Point 3 - High Street
Retrace your steps and carry on walking down the High Street. On the left you will see the Museum Quarter and further down the street are two historical pubs.
From medieval times until the 19th century, this street and its narrow staiths were the hub of the town, where much of its trading took place.
The hustle and bustle of the High Street
With commerce came the settlement of wealthy Hull merchants. They built houses all along this narrow street and it was from their homes that the business of the port was mainly conducted.
Look closely at one of the staiths and notice how horse driven carts from that era have left their marks on the cobbled streets.
The High Street had a number of public houses, brothels and inns. These were popular targets for the press-gangs to operate.
Ye Olde Black Boy is one of the few remaining old pubs in Hull that has kept its original style. It initially opened as a pipe shop in 1720 and has served a number of different purposes throughout the years including a brothel and a public house. It finally became a pub in the 1930s. The name is thought to have come from a Moroccan boy who worked in the building when it was a coffee shop in the 1730s.
Regulars are supposed to have photos of ghostly apparitions; one was grabbed round the neck by a pair of ghostly hands appearing from the bar wall. Rumour has it that a landlord’s dog was apparently so traumatised by spending a night downstairs in the pub that it had to be put down.
High Street in Victorian times
A press-gang consisted of a group of men and an officer who was in charge. Their job was to seize male citizens and force them into the naval service. They would usually work out of uniform, day and night but at times, the press-gangs would dress like sailors to coerce seafarers.

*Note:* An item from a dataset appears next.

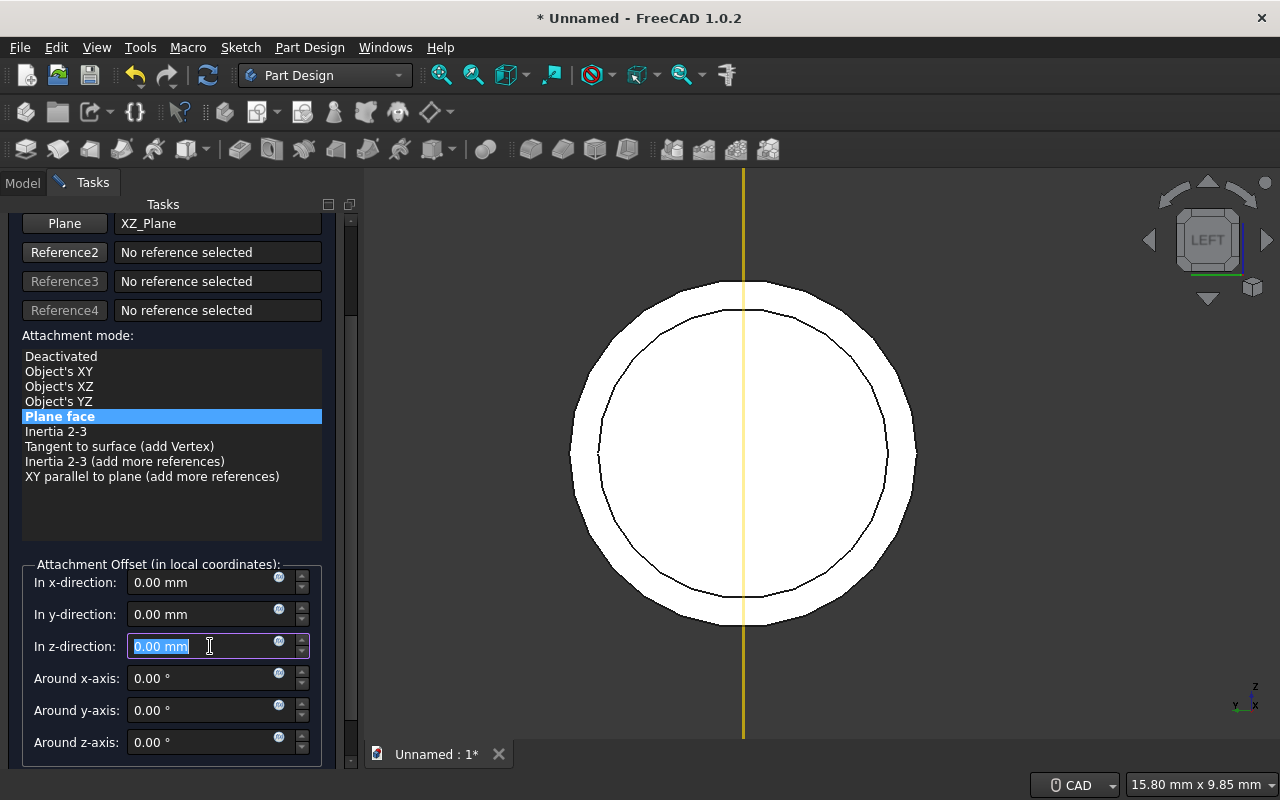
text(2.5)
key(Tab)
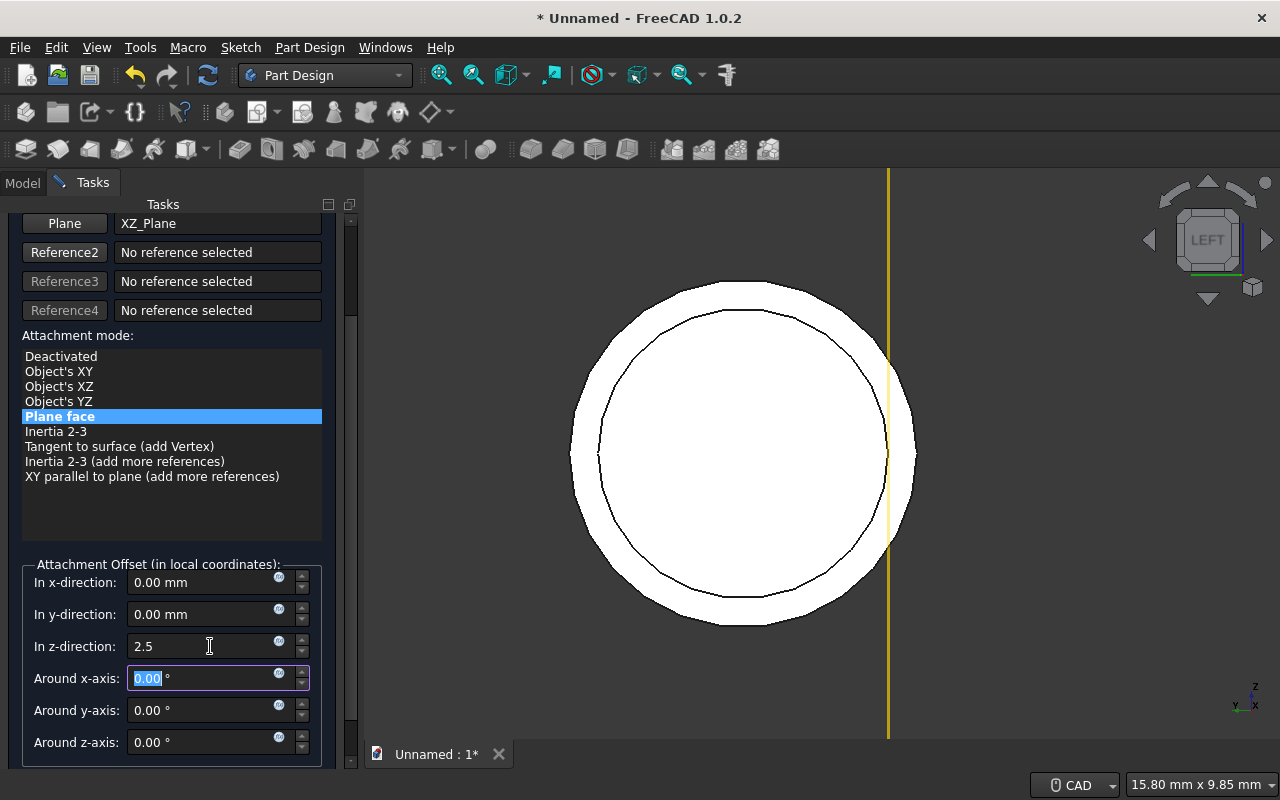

Further down this street, at the very end corner close to the footbridge that leads to The Deep, was the press-gangs' rendezvous point. Back in the day this area was referred to as South End. Those that were seized were brought here and inspected by a captain, then taken to one of the King's ship that was moored in the Humber Estuary.
Press-gangs were hated by everyone. The rendezvous point on Church Lane Staith was almost demolished by anti-press-gang mobs. In the summer of 1815, a riot took place when a sailor was press-ganged. The mob destroyed this last rendezvous on South End.
Some years later, as the French war had ended so too did the work of the press-gangs. Since then, the navy have recruited volunteers the same as it is done today.